An electron passes location
<0.02m, 0.04m,−0.06m>, and 4 μs later is de-
tected at location <0.02 m, 1.84 m,−0.86 m>.
Find the average velocity of the elecron:
¯v = <vx, vy, vz>
If the electron continues to travel at this av-
erage velocity, find where it will be in another
9 μs :
~d = <dx, dy, dz>
Answer in units of m
I've tried this question several times and I cannot get the second part correct.
For the first part I get <0, 450000, -200000>
But then for the second part I keep getting it wrong. for dx i get 0 which is correct, but for dy= .04+(5 * 450000) it says it's wrong. not sure what im doing wrong!

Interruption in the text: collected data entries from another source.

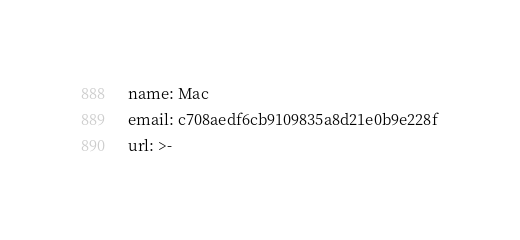Convert code to text. <code><loc_0><loc_0><loc_500><loc_500><_YAML_>name: Mac
email: c708aedf6cb9109835a8d21e0b9e228f
url: >-</code> 
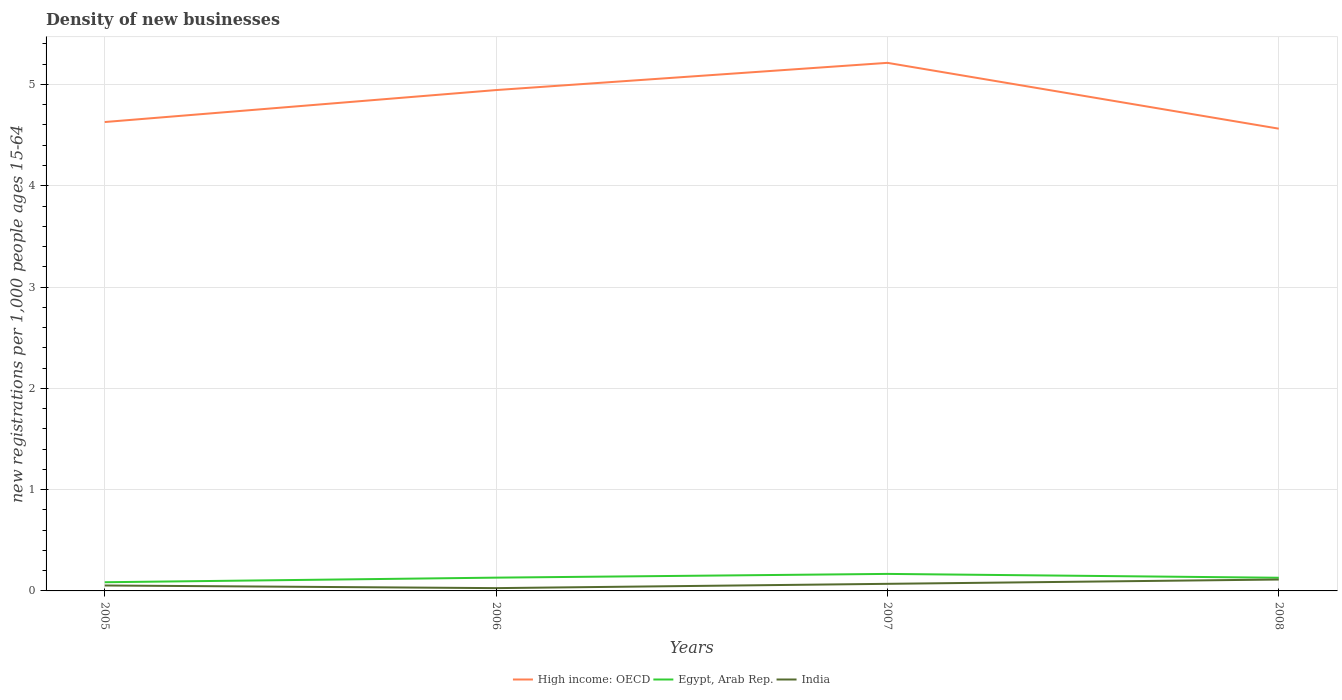Does the line corresponding to India intersect with the line corresponding to High income: OECD?
Keep it short and to the point. No. Is the number of lines equal to the number of legend labels?
Your answer should be very brief. Yes. Across all years, what is the maximum number of new registrations in High income: OECD?
Your answer should be very brief. 4.56. In which year was the number of new registrations in High income: OECD maximum?
Provide a short and direct response. 2008. What is the total number of new registrations in India in the graph?
Ensure brevity in your answer.  -0.09. What is the difference between the highest and the second highest number of new registrations in Egypt, Arab Rep.?
Provide a succinct answer. 0.08. What is the difference between the highest and the lowest number of new registrations in Egypt, Arab Rep.?
Make the answer very short. 3. How many legend labels are there?
Provide a succinct answer. 3. What is the title of the graph?
Your response must be concise. Density of new businesses. What is the label or title of the Y-axis?
Offer a terse response. New registrations per 1,0 people ages 15-64. What is the new registrations per 1,000 people ages 15-64 of High income: OECD in 2005?
Your answer should be compact. 4.63. What is the new registrations per 1,000 people ages 15-64 of Egypt, Arab Rep. in 2005?
Provide a succinct answer. 0.09. What is the new registrations per 1,000 people ages 15-64 of India in 2005?
Your response must be concise. 0.05. What is the new registrations per 1,000 people ages 15-64 of High income: OECD in 2006?
Provide a succinct answer. 4.94. What is the new registrations per 1,000 people ages 15-64 of Egypt, Arab Rep. in 2006?
Ensure brevity in your answer.  0.13. What is the new registrations per 1,000 people ages 15-64 in India in 2006?
Your answer should be very brief. 0.03. What is the new registrations per 1,000 people ages 15-64 of High income: OECD in 2007?
Keep it short and to the point. 5.21. What is the new registrations per 1,000 people ages 15-64 in Egypt, Arab Rep. in 2007?
Keep it short and to the point. 0.17. What is the new registrations per 1,000 people ages 15-64 of India in 2007?
Make the answer very short. 0.07. What is the new registrations per 1,000 people ages 15-64 in High income: OECD in 2008?
Ensure brevity in your answer.  4.56. What is the new registrations per 1,000 people ages 15-64 of Egypt, Arab Rep. in 2008?
Keep it short and to the point. 0.13. What is the new registrations per 1,000 people ages 15-64 in India in 2008?
Provide a succinct answer. 0.11. Across all years, what is the maximum new registrations per 1,000 people ages 15-64 of High income: OECD?
Make the answer very short. 5.21. Across all years, what is the maximum new registrations per 1,000 people ages 15-64 in Egypt, Arab Rep.?
Ensure brevity in your answer.  0.17. Across all years, what is the maximum new registrations per 1,000 people ages 15-64 of India?
Your response must be concise. 0.11. Across all years, what is the minimum new registrations per 1,000 people ages 15-64 of High income: OECD?
Offer a terse response. 4.56. Across all years, what is the minimum new registrations per 1,000 people ages 15-64 in Egypt, Arab Rep.?
Offer a terse response. 0.09. Across all years, what is the minimum new registrations per 1,000 people ages 15-64 of India?
Your response must be concise. 0.03. What is the total new registrations per 1,000 people ages 15-64 in High income: OECD in the graph?
Provide a succinct answer. 19.35. What is the total new registrations per 1,000 people ages 15-64 of Egypt, Arab Rep. in the graph?
Your answer should be compact. 0.51. What is the total new registrations per 1,000 people ages 15-64 in India in the graph?
Make the answer very short. 0.26. What is the difference between the new registrations per 1,000 people ages 15-64 of High income: OECD in 2005 and that in 2006?
Your response must be concise. -0.32. What is the difference between the new registrations per 1,000 people ages 15-64 of Egypt, Arab Rep. in 2005 and that in 2006?
Provide a short and direct response. -0.05. What is the difference between the new registrations per 1,000 people ages 15-64 of India in 2005 and that in 2006?
Provide a short and direct response. 0.03. What is the difference between the new registrations per 1,000 people ages 15-64 of High income: OECD in 2005 and that in 2007?
Provide a short and direct response. -0.58. What is the difference between the new registrations per 1,000 people ages 15-64 in Egypt, Arab Rep. in 2005 and that in 2007?
Your response must be concise. -0.08. What is the difference between the new registrations per 1,000 people ages 15-64 of India in 2005 and that in 2007?
Keep it short and to the point. -0.02. What is the difference between the new registrations per 1,000 people ages 15-64 in High income: OECD in 2005 and that in 2008?
Keep it short and to the point. 0.07. What is the difference between the new registrations per 1,000 people ages 15-64 in Egypt, Arab Rep. in 2005 and that in 2008?
Give a very brief answer. -0.04. What is the difference between the new registrations per 1,000 people ages 15-64 in India in 2005 and that in 2008?
Provide a succinct answer. -0.06. What is the difference between the new registrations per 1,000 people ages 15-64 of High income: OECD in 2006 and that in 2007?
Your answer should be very brief. -0.27. What is the difference between the new registrations per 1,000 people ages 15-64 in Egypt, Arab Rep. in 2006 and that in 2007?
Offer a very short reply. -0.04. What is the difference between the new registrations per 1,000 people ages 15-64 of India in 2006 and that in 2007?
Make the answer very short. -0.04. What is the difference between the new registrations per 1,000 people ages 15-64 in High income: OECD in 2006 and that in 2008?
Offer a very short reply. 0.38. What is the difference between the new registrations per 1,000 people ages 15-64 in Egypt, Arab Rep. in 2006 and that in 2008?
Give a very brief answer. 0. What is the difference between the new registrations per 1,000 people ages 15-64 in India in 2006 and that in 2008?
Keep it short and to the point. -0.09. What is the difference between the new registrations per 1,000 people ages 15-64 in High income: OECD in 2007 and that in 2008?
Offer a very short reply. 0.65. What is the difference between the new registrations per 1,000 people ages 15-64 of Egypt, Arab Rep. in 2007 and that in 2008?
Your answer should be compact. 0.04. What is the difference between the new registrations per 1,000 people ages 15-64 in India in 2007 and that in 2008?
Provide a succinct answer. -0.04. What is the difference between the new registrations per 1,000 people ages 15-64 in High income: OECD in 2005 and the new registrations per 1,000 people ages 15-64 in Egypt, Arab Rep. in 2006?
Your answer should be very brief. 4.5. What is the difference between the new registrations per 1,000 people ages 15-64 of High income: OECD in 2005 and the new registrations per 1,000 people ages 15-64 of India in 2006?
Provide a short and direct response. 4.6. What is the difference between the new registrations per 1,000 people ages 15-64 of Egypt, Arab Rep. in 2005 and the new registrations per 1,000 people ages 15-64 of India in 2006?
Provide a short and direct response. 0.06. What is the difference between the new registrations per 1,000 people ages 15-64 in High income: OECD in 2005 and the new registrations per 1,000 people ages 15-64 in Egypt, Arab Rep. in 2007?
Your response must be concise. 4.46. What is the difference between the new registrations per 1,000 people ages 15-64 in High income: OECD in 2005 and the new registrations per 1,000 people ages 15-64 in India in 2007?
Your answer should be compact. 4.56. What is the difference between the new registrations per 1,000 people ages 15-64 of Egypt, Arab Rep. in 2005 and the new registrations per 1,000 people ages 15-64 of India in 2007?
Give a very brief answer. 0.02. What is the difference between the new registrations per 1,000 people ages 15-64 in High income: OECD in 2005 and the new registrations per 1,000 people ages 15-64 in Egypt, Arab Rep. in 2008?
Offer a terse response. 4.5. What is the difference between the new registrations per 1,000 people ages 15-64 in High income: OECD in 2005 and the new registrations per 1,000 people ages 15-64 in India in 2008?
Make the answer very short. 4.52. What is the difference between the new registrations per 1,000 people ages 15-64 in Egypt, Arab Rep. in 2005 and the new registrations per 1,000 people ages 15-64 in India in 2008?
Provide a succinct answer. -0.03. What is the difference between the new registrations per 1,000 people ages 15-64 in High income: OECD in 2006 and the new registrations per 1,000 people ages 15-64 in Egypt, Arab Rep. in 2007?
Make the answer very short. 4.78. What is the difference between the new registrations per 1,000 people ages 15-64 in High income: OECD in 2006 and the new registrations per 1,000 people ages 15-64 in India in 2007?
Offer a terse response. 4.87. What is the difference between the new registrations per 1,000 people ages 15-64 of Egypt, Arab Rep. in 2006 and the new registrations per 1,000 people ages 15-64 of India in 2007?
Make the answer very short. 0.06. What is the difference between the new registrations per 1,000 people ages 15-64 of High income: OECD in 2006 and the new registrations per 1,000 people ages 15-64 of Egypt, Arab Rep. in 2008?
Your response must be concise. 4.81. What is the difference between the new registrations per 1,000 people ages 15-64 of High income: OECD in 2006 and the new registrations per 1,000 people ages 15-64 of India in 2008?
Provide a succinct answer. 4.83. What is the difference between the new registrations per 1,000 people ages 15-64 of Egypt, Arab Rep. in 2006 and the new registrations per 1,000 people ages 15-64 of India in 2008?
Ensure brevity in your answer.  0.02. What is the difference between the new registrations per 1,000 people ages 15-64 in High income: OECD in 2007 and the new registrations per 1,000 people ages 15-64 in Egypt, Arab Rep. in 2008?
Give a very brief answer. 5.08. What is the difference between the new registrations per 1,000 people ages 15-64 in High income: OECD in 2007 and the new registrations per 1,000 people ages 15-64 in India in 2008?
Your response must be concise. 5.1. What is the difference between the new registrations per 1,000 people ages 15-64 in Egypt, Arab Rep. in 2007 and the new registrations per 1,000 people ages 15-64 in India in 2008?
Your answer should be very brief. 0.06. What is the average new registrations per 1,000 people ages 15-64 in High income: OECD per year?
Provide a succinct answer. 4.84. What is the average new registrations per 1,000 people ages 15-64 of Egypt, Arab Rep. per year?
Keep it short and to the point. 0.13. What is the average new registrations per 1,000 people ages 15-64 of India per year?
Offer a terse response. 0.07. In the year 2005, what is the difference between the new registrations per 1,000 people ages 15-64 in High income: OECD and new registrations per 1,000 people ages 15-64 in Egypt, Arab Rep.?
Make the answer very short. 4.54. In the year 2005, what is the difference between the new registrations per 1,000 people ages 15-64 of High income: OECD and new registrations per 1,000 people ages 15-64 of India?
Ensure brevity in your answer.  4.58. In the year 2005, what is the difference between the new registrations per 1,000 people ages 15-64 of Egypt, Arab Rep. and new registrations per 1,000 people ages 15-64 of India?
Keep it short and to the point. 0.03. In the year 2006, what is the difference between the new registrations per 1,000 people ages 15-64 of High income: OECD and new registrations per 1,000 people ages 15-64 of Egypt, Arab Rep.?
Provide a short and direct response. 4.81. In the year 2006, what is the difference between the new registrations per 1,000 people ages 15-64 of High income: OECD and new registrations per 1,000 people ages 15-64 of India?
Provide a succinct answer. 4.92. In the year 2006, what is the difference between the new registrations per 1,000 people ages 15-64 of Egypt, Arab Rep. and new registrations per 1,000 people ages 15-64 of India?
Your answer should be very brief. 0.1. In the year 2007, what is the difference between the new registrations per 1,000 people ages 15-64 of High income: OECD and new registrations per 1,000 people ages 15-64 of Egypt, Arab Rep.?
Provide a succinct answer. 5.05. In the year 2007, what is the difference between the new registrations per 1,000 people ages 15-64 in High income: OECD and new registrations per 1,000 people ages 15-64 in India?
Your answer should be compact. 5.14. In the year 2007, what is the difference between the new registrations per 1,000 people ages 15-64 of Egypt, Arab Rep. and new registrations per 1,000 people ages 15-64 of India?
Your answer should be very brief. 0.1. In the year 2008, what is the difference between the new registrations per 1,000 people ages 15-64 of High income: OECD and new registrations per 1,000 people ages 15-64 of Egypt, Arab Rep.?
Your answer should be very brief. 4.43. In the year 2008, what is the difference between the new registrations per 1,000 people ages 15-64 in High income: OECD and new registrations per 1,000 people ages 15-64 in India?
Keep it short and to the point. 4.45. In the year 2008, what is the difference between the new registrations per 1,000 people ages 15-64 of Egypt, Arab Rep. and new registrations per 1,000 people ages 15-64 of India?
Offer a terse response. 0.02. What is the ratio of the new registrations per 1,000 people ages 15-64 of High income: OECD in 2005 to that in 2006?
Your answer should be compact. 0.94. What is the ratio of the new registrations per 1,000 people ages 15-64 of Egypt, Arab Rep. in 2005 to that in 2006?
Your answer should be compact. 0.65. What is the ratio of the new registrations per 1,000 people ages 15-64 of India in 2005 to that in 2006?
Provide a succinct answer. 1.94. What is the ratio of the new registrations per 1,000 people ages 15-64 of High income: OECD in 2005 to that in 2007?
Your answer should be very brief. 0.89. What is the ratio of the new registrations per 1,000 people ages 15-64 in Egypt, Arab Rep. in 2005 to that in 2007?
Your answer should be very brief. 0.51. What is the ratio of the new registrations per 1,000 people ages 15-64 in India in 2005 to that in 2007?
Offer a very short reply. 0.77. What is the ratio of the new registrations per 1,000 people ages 15-64 of High income: OECD in 2005 to that in 2008?
Your response must be concise. 1.01. What is the ratio of the new registrations per 1,000 people ages 15-64 of Egypt, Arab Rep. in 2005 to that in 2008?
Provide a short and direct response. 0.66. What is the ratio of the new registrations per 1,000 people ages 15-64 of India in 2005 to that in 2008?
Keep it short and to the point. 0.48. What is the ratio of the new registrations per 1,000 people ages 15-64 of High income: OECD in 2006 to that in 2007?
Your answer should be compact. 0.95. What is the ratio of the new registrations per 1,000 people ages 15-64 of Egypt, Arab Rep. in 2006 to that in 2007?
Your response must be concise. 0.78. What is the ratio of the new registrations per 1,000 people ages 15-64 of India in 2006 to that in 2007?
Keep it short and to the point. 0.39. What is the ratio of the new registrations per 1,000 people ages 15-64 of High income: OECD in 2006 to that in 2008?
Provide a short and direct response. 1.08. What is the ratio of the new registrations per 1,000 people ages 15-64 of Egypt, Arab Rep. in 2006 to that in 2008?
Offer a very short reply. 1.01. What is the ratio of the new registrations per 1,000 people ages 15-64 in India in 2006 to that in 2008?
Ensure brevity in your answer.  0.24. What is the ratio of the new registrations per 1,000 people ages 15-64 of High income: OECD in 2007 to that in 2008?
Ensure brevity in your answer.  1.14. What is the ratio of the new registrations per 1,000 people ages 15-64 of Egypt, Arab Rep. in 2007 to that in 2008?
Offer a terse response. 1.29. What is the ratio of the new registrations per 1,000 people ages 15-64 of India in 2007 to that in 2008?
Your answer should be very brief. 0.62. What is the difference between the highest and the second highest new registrations per 1,000 people ages 15-64 of High income: OECD?
Offer a terse response. 0.27. What is the difference between the highest and the second highest new registrations per 1,000 people ages 15-64 in Egypt, Arab Rep.?
Provide a short and direct response. 0.04. What is the difference between the highest and the second highest new registrations per 1,000 people ages 15-64 in India?
Give a very brief answer. 0.04. What is the difference between the highest and the lowest new registrations per 1,000 people ages 15-64 in High income: OECD?
Provide a short and direct response. 0.65. What is the difference between the highest and the lowest new registrations per 1,000 people ages 15-64 in Egypt, Arab Rep.?
Your answer should be compact. 0.08. What is the difference between the highest and the lowest new registrations per 1,000 people ages 15-64 of India?
Make the answer very short. 0.09.

To find the average velocity of the electron, you need to calculate the change in position (∆r) and divide it by the change in time (∆t).
First, let's calculate the change in position (∆r) by subtracting the initial position from the final position:
∆r = <0.02 m, 1.84 m, −0.86 m> − <0.02 m, 0.04 m, −0.06 m>
= <0.02 m − 0.02 m, 1.84 m − 0.04 m, −0.86 m − (−0.06 m)>
= <0 m, 1.8 m, −0.8 m>
Next, we need to calculate the change in time (∆t), which is given as 4 μs.
Now, divide the change in position (∆r) by the change in time (∆t) to find the average velocity (∆v):
¯v = ∆r/∆t
= <0 m, 1.8 m, −0.8 m> / (4 * 10^-6 s)
= <0 m/s, 450000 m/s, -200000 m/s>
So, the average velocity of the electron is ¯v = <0 m/s, 450000 m/s, -200000 m/s>.
Now, let's find where the electron will be in another 9 μs.
Using the average velocity (∆v) we just calculated, we can find the change in position (∆r) by multiplying the average velocity by the change in time (∆t):
∆r = ¯v * ∆t
= <0 m/s, 450000 m/s, -200000 m/s> * (9 * 10^-6 s)
= <0 m/s, 4050 m, -1800 m>
Finally, to find the final position, which is the sum of the initial position and the change in position, we add the change in position (∆r) to the initial position:
~d = <0.02 m, 0.04 m, −0.06 m> + <0 m/s, 4050 m, -1800 m>
= <0.02 m + 0 m, 0.04 m + 4050 m, −0.06 m − 1800 m>
= <0.02 m, 4050.04 m, −1800.06 m>
Therefore, the electron will be at the position ~d = <0.02 m, 4050.04 m, -1800.06 m> after another 9 μs.
Please make sure to double-check your calculations and units to avoid any errors.